• What is needed
Give back exactly the lines that run from the beginning of the entries to the line containing "HFOV = 48.9 degrees.", both included, and nothing else.

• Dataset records
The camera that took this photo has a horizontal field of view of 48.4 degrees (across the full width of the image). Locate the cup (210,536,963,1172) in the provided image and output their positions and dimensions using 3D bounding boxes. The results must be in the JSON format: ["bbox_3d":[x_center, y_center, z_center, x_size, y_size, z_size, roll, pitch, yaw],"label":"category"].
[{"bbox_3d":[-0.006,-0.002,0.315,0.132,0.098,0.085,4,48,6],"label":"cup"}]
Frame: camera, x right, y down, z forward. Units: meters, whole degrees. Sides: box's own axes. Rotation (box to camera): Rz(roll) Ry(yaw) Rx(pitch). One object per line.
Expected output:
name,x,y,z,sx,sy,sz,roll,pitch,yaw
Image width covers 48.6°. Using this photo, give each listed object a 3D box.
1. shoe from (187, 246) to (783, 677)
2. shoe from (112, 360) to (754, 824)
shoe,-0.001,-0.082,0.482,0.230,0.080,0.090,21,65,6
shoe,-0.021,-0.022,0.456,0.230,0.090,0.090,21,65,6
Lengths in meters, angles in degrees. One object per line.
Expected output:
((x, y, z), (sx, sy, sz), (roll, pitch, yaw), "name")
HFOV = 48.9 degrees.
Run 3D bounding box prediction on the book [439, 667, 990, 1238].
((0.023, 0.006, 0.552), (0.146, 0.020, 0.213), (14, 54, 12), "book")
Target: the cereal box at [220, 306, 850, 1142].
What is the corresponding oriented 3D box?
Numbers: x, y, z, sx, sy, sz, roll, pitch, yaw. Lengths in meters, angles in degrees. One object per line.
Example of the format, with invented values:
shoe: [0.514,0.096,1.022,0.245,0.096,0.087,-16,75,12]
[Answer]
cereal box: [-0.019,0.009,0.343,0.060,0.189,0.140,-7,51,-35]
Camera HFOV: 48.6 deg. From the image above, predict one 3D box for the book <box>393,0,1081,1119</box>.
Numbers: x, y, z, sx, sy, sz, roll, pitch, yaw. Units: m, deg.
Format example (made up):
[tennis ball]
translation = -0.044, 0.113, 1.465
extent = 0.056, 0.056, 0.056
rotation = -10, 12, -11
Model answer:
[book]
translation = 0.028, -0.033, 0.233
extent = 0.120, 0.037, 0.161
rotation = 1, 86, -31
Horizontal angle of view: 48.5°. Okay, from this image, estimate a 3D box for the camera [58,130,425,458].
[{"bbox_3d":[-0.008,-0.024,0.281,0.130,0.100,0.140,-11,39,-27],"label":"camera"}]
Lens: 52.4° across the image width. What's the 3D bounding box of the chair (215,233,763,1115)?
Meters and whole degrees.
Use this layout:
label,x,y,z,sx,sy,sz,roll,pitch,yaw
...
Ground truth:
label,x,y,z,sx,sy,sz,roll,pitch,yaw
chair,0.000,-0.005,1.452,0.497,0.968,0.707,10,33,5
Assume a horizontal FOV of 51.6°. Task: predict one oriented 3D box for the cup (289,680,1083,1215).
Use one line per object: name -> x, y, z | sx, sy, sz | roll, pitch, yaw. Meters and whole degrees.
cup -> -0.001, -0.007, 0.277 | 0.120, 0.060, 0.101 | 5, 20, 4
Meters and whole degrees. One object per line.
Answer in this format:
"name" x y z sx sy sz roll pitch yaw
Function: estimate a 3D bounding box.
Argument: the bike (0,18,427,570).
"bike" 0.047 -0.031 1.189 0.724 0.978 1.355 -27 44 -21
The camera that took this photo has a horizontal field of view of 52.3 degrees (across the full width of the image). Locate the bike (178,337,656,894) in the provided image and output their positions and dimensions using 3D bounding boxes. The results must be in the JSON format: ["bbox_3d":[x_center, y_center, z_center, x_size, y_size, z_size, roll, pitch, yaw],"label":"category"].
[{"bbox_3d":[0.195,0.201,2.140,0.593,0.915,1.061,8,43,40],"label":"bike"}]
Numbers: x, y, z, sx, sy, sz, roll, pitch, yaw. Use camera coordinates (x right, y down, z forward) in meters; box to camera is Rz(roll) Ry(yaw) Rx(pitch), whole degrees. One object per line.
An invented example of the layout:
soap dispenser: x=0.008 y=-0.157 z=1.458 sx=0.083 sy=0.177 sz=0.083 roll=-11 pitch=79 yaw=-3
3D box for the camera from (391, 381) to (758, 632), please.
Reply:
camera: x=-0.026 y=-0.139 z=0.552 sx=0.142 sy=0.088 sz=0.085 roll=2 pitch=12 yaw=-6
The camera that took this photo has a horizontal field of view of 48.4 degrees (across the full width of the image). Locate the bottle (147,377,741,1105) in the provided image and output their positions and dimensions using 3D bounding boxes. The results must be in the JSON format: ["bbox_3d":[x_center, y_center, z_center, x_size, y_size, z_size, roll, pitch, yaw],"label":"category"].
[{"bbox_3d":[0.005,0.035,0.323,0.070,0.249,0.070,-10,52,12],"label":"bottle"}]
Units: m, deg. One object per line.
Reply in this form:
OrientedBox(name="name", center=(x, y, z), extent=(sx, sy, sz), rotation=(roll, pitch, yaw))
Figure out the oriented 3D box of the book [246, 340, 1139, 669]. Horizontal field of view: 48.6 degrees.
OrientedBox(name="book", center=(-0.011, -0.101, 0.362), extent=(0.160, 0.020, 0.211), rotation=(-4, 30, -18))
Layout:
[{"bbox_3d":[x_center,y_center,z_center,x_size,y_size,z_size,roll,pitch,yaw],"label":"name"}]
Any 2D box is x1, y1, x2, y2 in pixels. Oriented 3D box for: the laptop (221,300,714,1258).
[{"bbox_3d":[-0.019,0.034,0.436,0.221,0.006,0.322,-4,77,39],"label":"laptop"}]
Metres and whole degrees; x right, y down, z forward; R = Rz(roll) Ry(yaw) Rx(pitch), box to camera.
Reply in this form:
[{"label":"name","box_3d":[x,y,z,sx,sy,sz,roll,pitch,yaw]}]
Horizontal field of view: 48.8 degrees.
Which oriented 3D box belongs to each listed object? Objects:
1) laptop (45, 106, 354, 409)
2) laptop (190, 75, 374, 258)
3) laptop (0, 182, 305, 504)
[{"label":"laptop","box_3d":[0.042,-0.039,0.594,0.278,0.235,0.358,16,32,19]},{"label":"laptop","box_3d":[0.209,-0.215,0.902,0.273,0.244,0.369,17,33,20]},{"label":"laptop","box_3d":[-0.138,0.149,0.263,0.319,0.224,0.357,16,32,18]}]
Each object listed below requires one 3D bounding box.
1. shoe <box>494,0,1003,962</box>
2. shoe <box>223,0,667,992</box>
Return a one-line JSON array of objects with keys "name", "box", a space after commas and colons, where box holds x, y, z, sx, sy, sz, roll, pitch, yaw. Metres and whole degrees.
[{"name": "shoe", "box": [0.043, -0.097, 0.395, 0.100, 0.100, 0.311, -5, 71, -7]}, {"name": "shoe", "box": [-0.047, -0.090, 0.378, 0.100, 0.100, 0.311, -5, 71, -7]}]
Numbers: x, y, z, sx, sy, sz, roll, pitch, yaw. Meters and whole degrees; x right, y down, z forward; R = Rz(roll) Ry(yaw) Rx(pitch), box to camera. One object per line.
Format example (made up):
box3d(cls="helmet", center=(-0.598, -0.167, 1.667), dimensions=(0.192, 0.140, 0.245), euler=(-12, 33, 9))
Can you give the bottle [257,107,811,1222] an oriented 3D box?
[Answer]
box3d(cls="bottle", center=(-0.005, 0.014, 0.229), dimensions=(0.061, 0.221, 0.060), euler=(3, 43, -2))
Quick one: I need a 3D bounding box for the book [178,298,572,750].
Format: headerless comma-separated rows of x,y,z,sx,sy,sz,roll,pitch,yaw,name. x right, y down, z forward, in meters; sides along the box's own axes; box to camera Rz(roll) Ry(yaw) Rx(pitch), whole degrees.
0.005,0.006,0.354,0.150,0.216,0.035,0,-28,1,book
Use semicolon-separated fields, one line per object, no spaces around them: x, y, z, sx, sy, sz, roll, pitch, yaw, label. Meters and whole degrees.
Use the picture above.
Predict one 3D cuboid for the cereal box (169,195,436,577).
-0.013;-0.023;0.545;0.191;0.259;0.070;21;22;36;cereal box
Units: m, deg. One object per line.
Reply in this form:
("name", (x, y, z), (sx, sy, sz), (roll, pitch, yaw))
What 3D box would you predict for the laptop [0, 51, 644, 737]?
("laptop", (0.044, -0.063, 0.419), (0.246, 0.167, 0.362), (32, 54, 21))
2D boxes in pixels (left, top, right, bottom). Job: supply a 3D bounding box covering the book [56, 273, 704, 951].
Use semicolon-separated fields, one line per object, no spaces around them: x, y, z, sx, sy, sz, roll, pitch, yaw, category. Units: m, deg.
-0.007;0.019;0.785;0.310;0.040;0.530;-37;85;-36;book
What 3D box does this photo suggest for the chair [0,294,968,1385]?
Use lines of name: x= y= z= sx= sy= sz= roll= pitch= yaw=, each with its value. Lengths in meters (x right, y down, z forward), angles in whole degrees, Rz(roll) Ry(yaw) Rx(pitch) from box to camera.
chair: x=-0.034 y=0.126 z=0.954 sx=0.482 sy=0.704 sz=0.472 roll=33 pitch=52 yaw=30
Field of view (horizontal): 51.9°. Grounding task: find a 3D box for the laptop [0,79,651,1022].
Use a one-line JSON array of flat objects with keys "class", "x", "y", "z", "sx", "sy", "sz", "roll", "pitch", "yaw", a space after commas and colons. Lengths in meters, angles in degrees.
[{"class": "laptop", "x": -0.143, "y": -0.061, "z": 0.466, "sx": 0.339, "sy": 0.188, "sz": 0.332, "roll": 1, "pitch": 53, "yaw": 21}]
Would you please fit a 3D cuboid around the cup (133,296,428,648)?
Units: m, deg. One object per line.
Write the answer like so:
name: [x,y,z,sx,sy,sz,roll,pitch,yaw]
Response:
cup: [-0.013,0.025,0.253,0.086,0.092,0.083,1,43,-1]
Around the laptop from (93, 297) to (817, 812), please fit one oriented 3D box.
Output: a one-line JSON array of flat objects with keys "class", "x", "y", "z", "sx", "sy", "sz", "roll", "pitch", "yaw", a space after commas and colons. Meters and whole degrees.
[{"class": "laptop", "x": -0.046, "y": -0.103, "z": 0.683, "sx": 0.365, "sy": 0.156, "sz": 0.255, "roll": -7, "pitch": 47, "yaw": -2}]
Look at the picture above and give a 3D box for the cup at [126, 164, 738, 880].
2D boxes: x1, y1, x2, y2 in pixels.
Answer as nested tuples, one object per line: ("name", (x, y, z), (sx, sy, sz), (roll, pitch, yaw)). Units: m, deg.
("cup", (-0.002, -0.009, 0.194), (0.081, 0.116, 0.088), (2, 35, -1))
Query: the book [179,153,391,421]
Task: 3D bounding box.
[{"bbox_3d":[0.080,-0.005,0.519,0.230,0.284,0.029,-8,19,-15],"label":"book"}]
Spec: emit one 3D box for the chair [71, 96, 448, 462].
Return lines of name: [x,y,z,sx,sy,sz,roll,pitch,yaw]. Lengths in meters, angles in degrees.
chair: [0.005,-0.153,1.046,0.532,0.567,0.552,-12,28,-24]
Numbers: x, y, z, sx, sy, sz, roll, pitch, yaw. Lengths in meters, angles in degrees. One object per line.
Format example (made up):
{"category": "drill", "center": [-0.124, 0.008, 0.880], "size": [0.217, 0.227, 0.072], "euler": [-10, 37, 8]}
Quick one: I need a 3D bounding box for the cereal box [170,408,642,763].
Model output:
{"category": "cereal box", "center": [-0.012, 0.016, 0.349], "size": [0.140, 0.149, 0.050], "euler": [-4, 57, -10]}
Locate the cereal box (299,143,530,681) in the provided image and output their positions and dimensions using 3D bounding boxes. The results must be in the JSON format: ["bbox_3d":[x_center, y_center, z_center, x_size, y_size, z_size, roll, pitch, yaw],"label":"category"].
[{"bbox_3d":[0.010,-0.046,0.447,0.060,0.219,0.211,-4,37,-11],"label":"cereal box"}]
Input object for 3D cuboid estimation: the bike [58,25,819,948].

• Result
The camera that took this photo has a horizontal field of view of 48.4 degrees (across the full width of the image). Locate the cup (210,536,963,1172) in the provided image and output their positions and dimensions using 3D bounding boxes. The results must be in the JSON format: ["bbox_3d":[x_center, y_center, z_center, x_size, y_size, z_size, roll, pitch, yaw],"label":"category"].
[{"bbox_3d":[-0.006,-0.002,0.315,0.132,0.098,0.085,4,48,6],"label":"cup"}]
Frame: camera, x right, y down, z forward. Units: meters, whole degrees. Sides: box's own axes. Rotation (box to camera): Rz(roll) Ry(yaw) Rx(pitch). One object per line.
Expected output:
name,x,y,z,sx,sy,sz,roll,pitch,yaw
Image width covers 48.6°. Using this photo, give each listed object a 3D box.
1. shoe from (187, 246) to (783, 677)
2. shoe from (112, 360) to (754, 824)
shoe,-0.001,-0.082,0.482,0.230,0.080,0.090,21,65,6
shoe,-0.021,-0.022,0.456,0.230,0.090,0.090,21,65,6
Lengths in meters, angles in degrees. One object per line.
Expected output:
((x, y, z), (sx, sy, sz), (roll, pitch, yaw), "name")
HFOV = 48.9 degrees.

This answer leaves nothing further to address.